In Illinois, things turned out favorably for a group of nursing homes affiliated with the Service Employees International Union. Workers at 70 nursing homes owned by multiple companies sent strike notices to their employers in May 2020 demanding stricter safety protocols, protective equipment, and higher pay—a risky gambit at the time, some believed.
“Everyone thought it was a very bad idea,” said Shaba Andrich, vice president of nursing homes for the SEIU Illinois health care division, referring to fellow union activists. “They were like ‘No, this is the wrong thing to do. People are going to see it as abandoning residents during a pandemic.’ … And, you know, we thought they were wrong.”
Before the strike took effect, SEIU was able to win a contract that provided $15 in base pay along with additional pay increases, three months of pandemic hazard pay, paid time off for Covid-19, and beefed-up safety protections.
Janine Schoen, vice president of policy for Alden Management Services Inc., one of the nursing home companies covered in the contract, said in an email that management followed public health guidance “well before the strike threat and will continue to follow their guidance.”
It was an important victory for SEIU, Andrich said, and the union sought to replicate the contract at other nursing homes through a process known as pattern bargaining.

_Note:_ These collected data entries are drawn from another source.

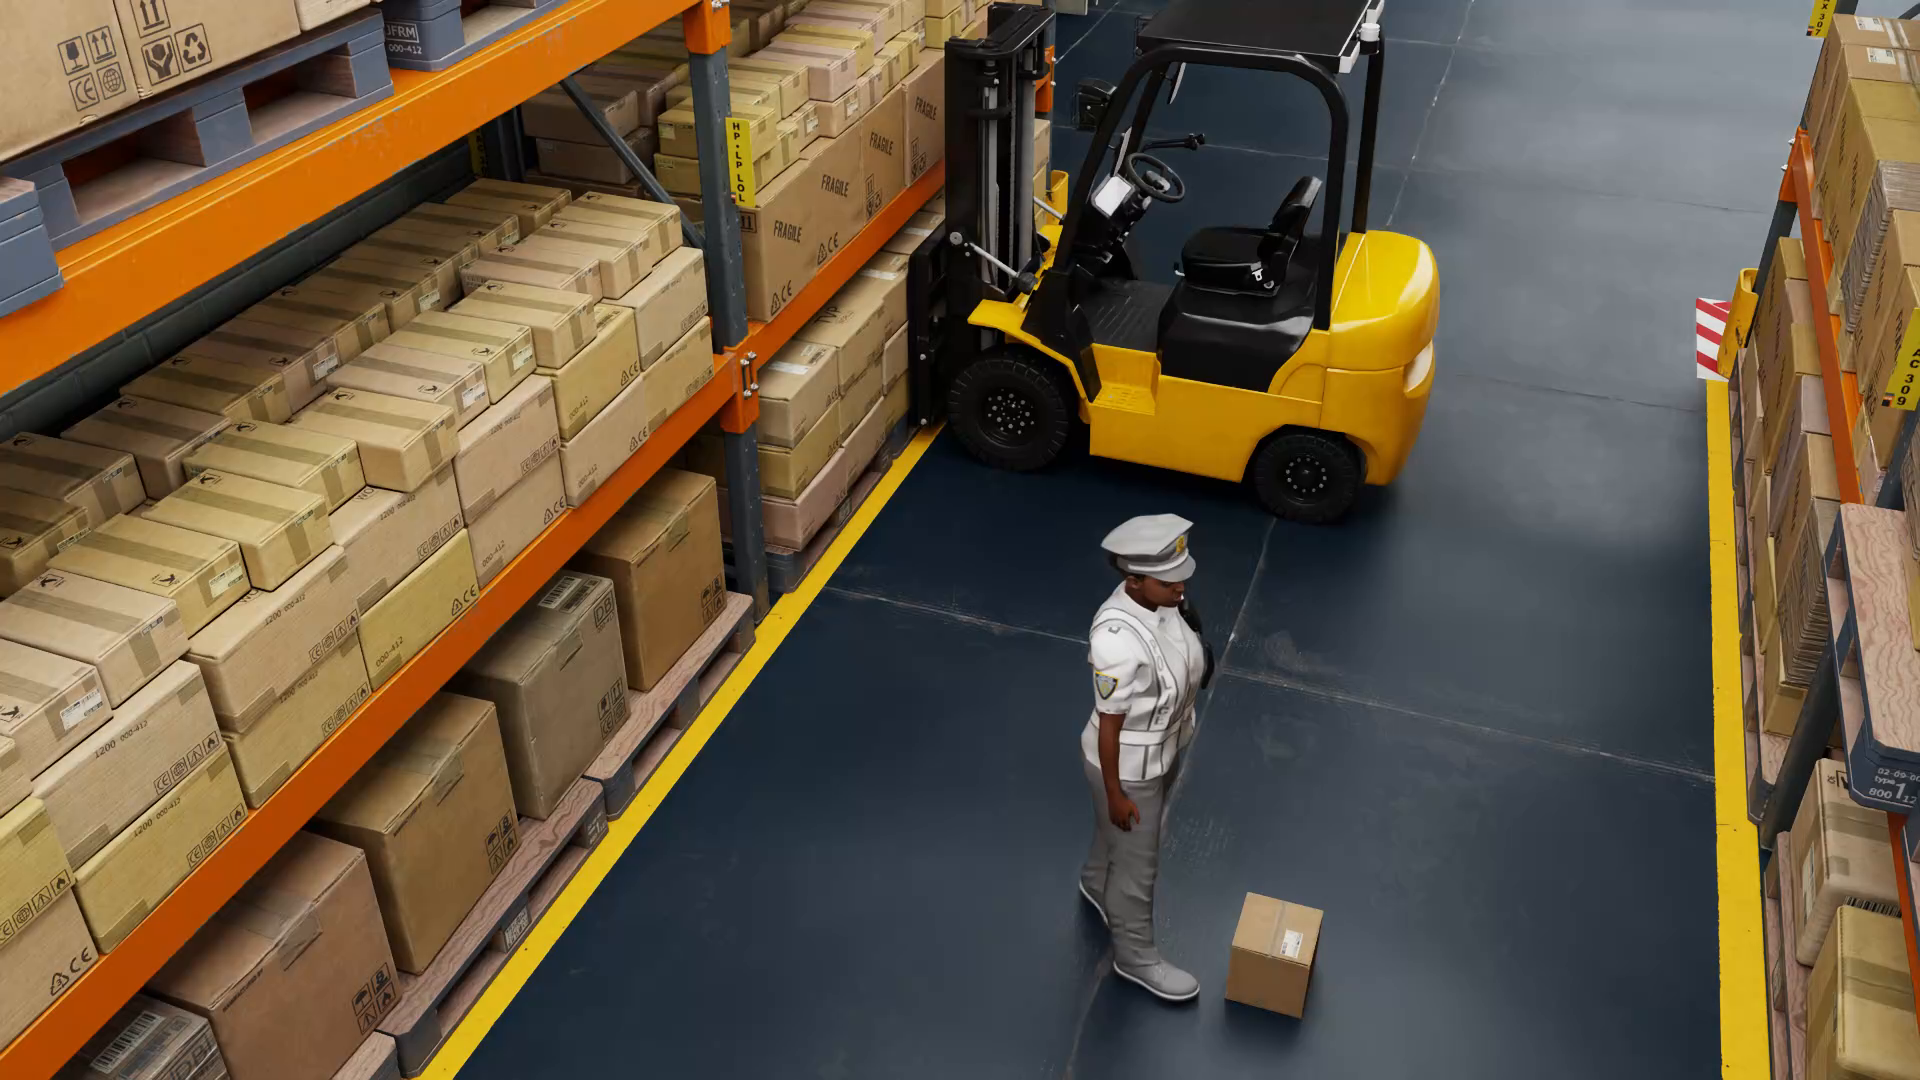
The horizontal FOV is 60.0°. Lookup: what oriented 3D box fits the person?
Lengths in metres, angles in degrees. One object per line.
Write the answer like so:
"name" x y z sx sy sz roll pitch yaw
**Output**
"person" 0.584 0.667 5.113 0.546 1.683 0.457 18 37 25
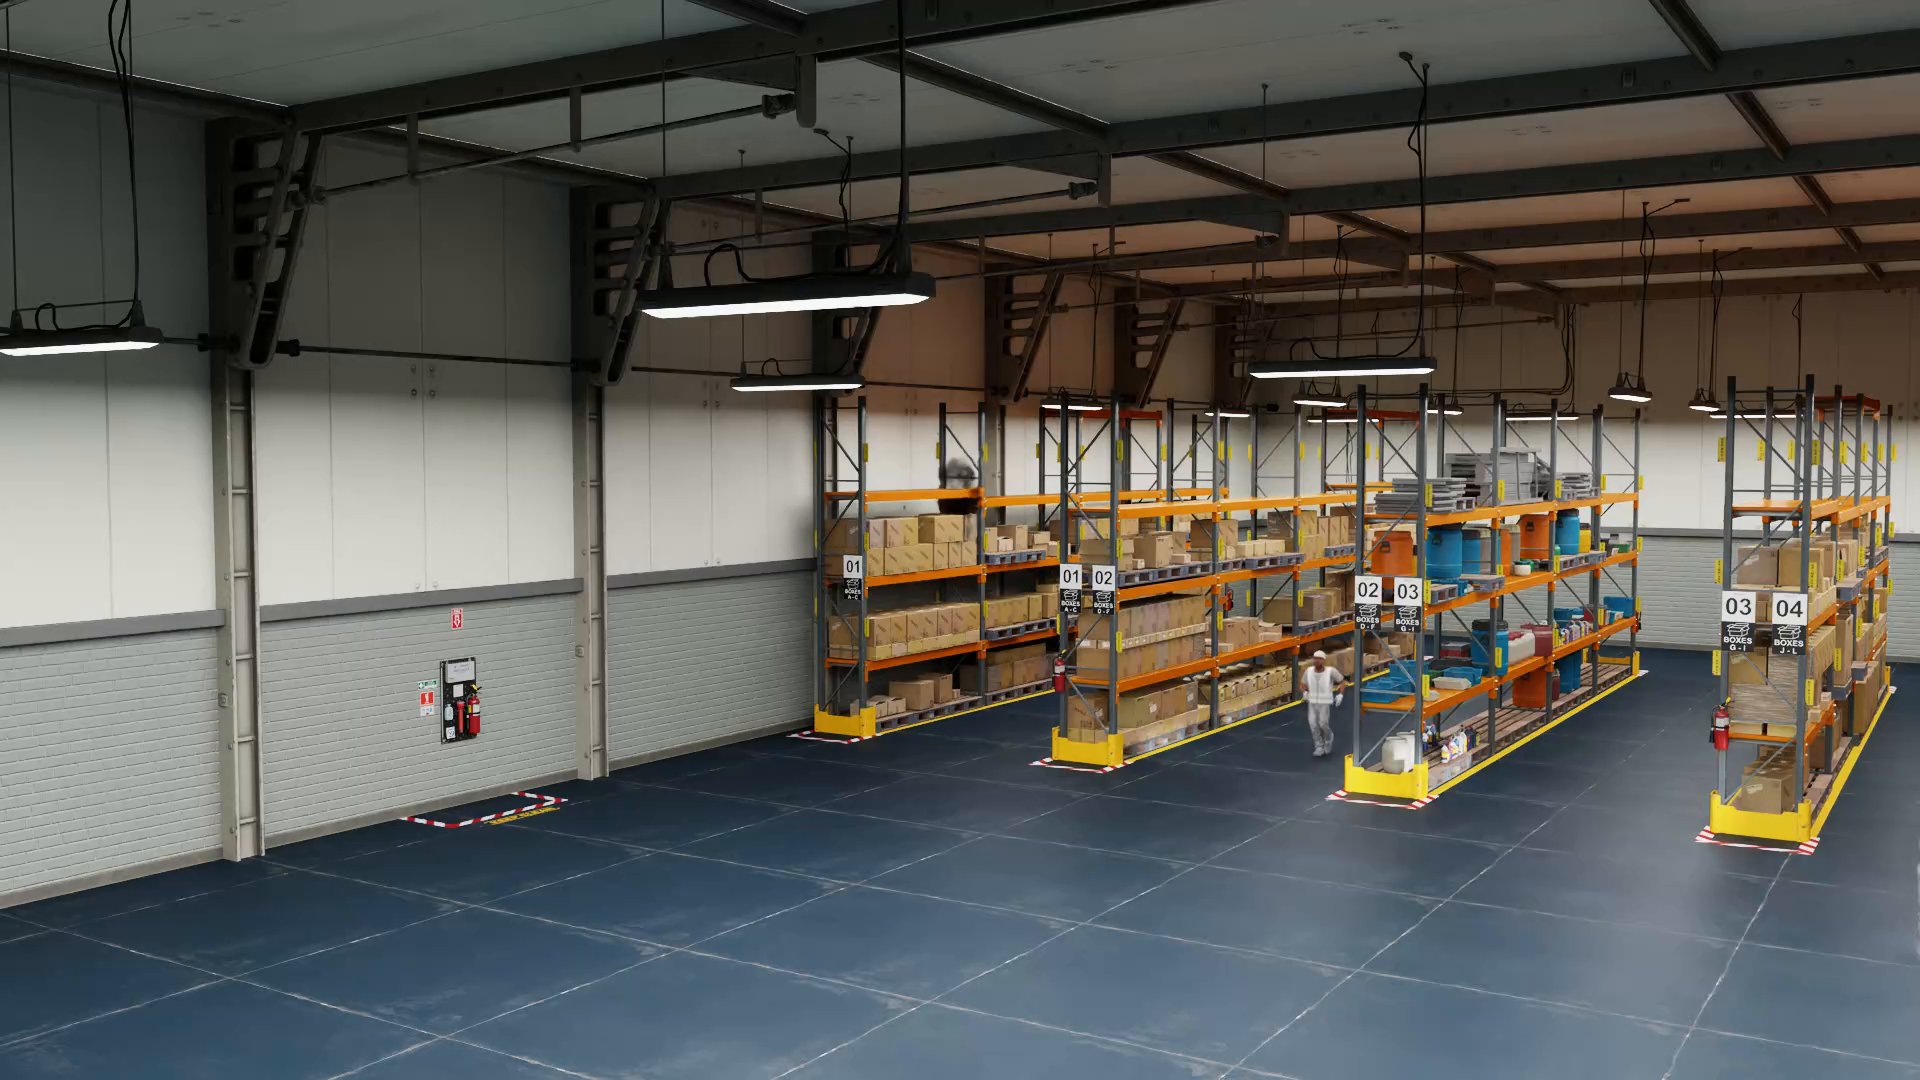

In November, SEIU workers at 11 nursing homes in the Chicago area went on strike against Infinity Healthcare Management—pledging to picket as long as needed to secure pandemic pay raises. By day 12, they had an agreement.
Health-care workers scored another victory in Connecticut this week, signing onto a deal brokered by Gov. Ned Lamont (D) that lifts wages to $20 an hour, at least $5 more per hour than current rates. The agreement averts a strike at 26 facilities statewide.
And in Oregon, workers in nursing homes—which account for 53% of all Covid-19 deaths statewide—reached a deal last month with Avamere, a major operator, to raise wages to $18 an hour and reduce turnover through new training and other measures.
It’s likely that key elements will be repeated in contracts with at least three other providers in the state, said Vanessa Veselka, organizing director for SEIU Local 503.
“You had a lot of energy with workers who were just like, ‘I’m done. I am done. I’m not staying in this industry,’” Veselka said.